▶ **Data to process**
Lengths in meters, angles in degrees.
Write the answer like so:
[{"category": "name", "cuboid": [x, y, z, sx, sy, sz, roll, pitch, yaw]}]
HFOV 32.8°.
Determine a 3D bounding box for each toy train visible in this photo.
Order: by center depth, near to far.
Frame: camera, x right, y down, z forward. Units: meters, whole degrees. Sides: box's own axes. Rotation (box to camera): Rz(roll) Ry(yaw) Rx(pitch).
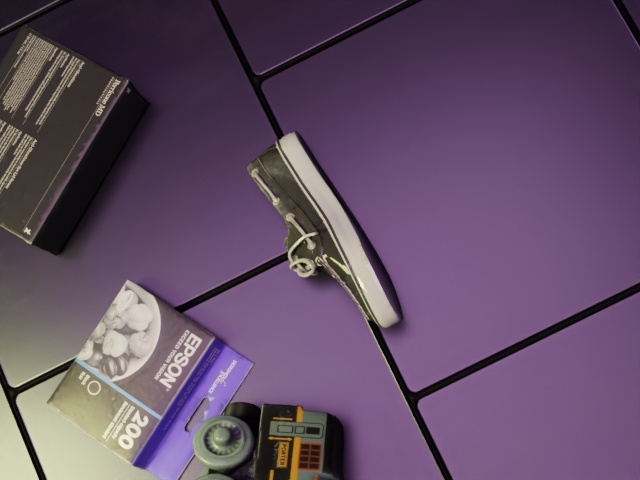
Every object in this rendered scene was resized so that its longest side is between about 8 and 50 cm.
[{"category": "toy train", "cuboid": [-0.070, 0.345, 1.323, 0.190, 0.142, 0.334, 2, 47, 4]}]

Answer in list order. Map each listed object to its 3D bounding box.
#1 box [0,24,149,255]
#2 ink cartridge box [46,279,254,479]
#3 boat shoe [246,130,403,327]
[{"category": "box", "cuboid": [-0.392, -0.139, 1.525, 0.184, 0.103, 0.261, 29, 84, 15]}, {"category": "ink cartridge box", "cuboid": [-0.232, 0.194, 1.472, 0.208, 0.045, 0.206, 32, 85, 11]}, {"category": "boat shoe", "cuboid": [-0.001, -0.001, 1.442, 0.105, 0.113, 0.306, -34, 74, 7]}]

▶ **Task**
The copy runs from the line containing "Order: by center depth, near to far." through the last line of the material, both ends included. Reproduce those lines exactly and drop the pictures.

▶ **Written solution**
Order: by center depth, near to far.
Frame: camera, x right, y down, z forward. Units: meters, whole degrees. Sides: box's own axes. Rotation (box to camera): Rz(roll) Ry(yaw) Rx(pitch).
Every object in this rendered scene was resized so that its longest side is between about 8 and 50 cm.
[{"category": "toy train", "cuboid": [-0.070, 0.345, 1.323, 0.190, 0.142, 0.334, 2, 47, 4]}]

Answer in list order. Map each listed object to its 3D bounding box.
#1 box [0,24,149,255]
#2 ink cartridge box [46,279,254,479]
#3 boat shoe [246,130,403,327]
[{"category": "box", "cuboid": [-0.392, -0.139, 1.525, 0.184, 0.103, 0.261, 29, 84, 15]}, {"category": "ink cartridge box", "cuboid": [-0.232, 0.194, 1.472, 0.208, 0.045, 0.206, 32, 85, 11]}, {"category": "boat shoe", "cuboid": [-0.001, -0.001, 1.442, 0.105, 0.113, 0.306, -34, 74, 7]}]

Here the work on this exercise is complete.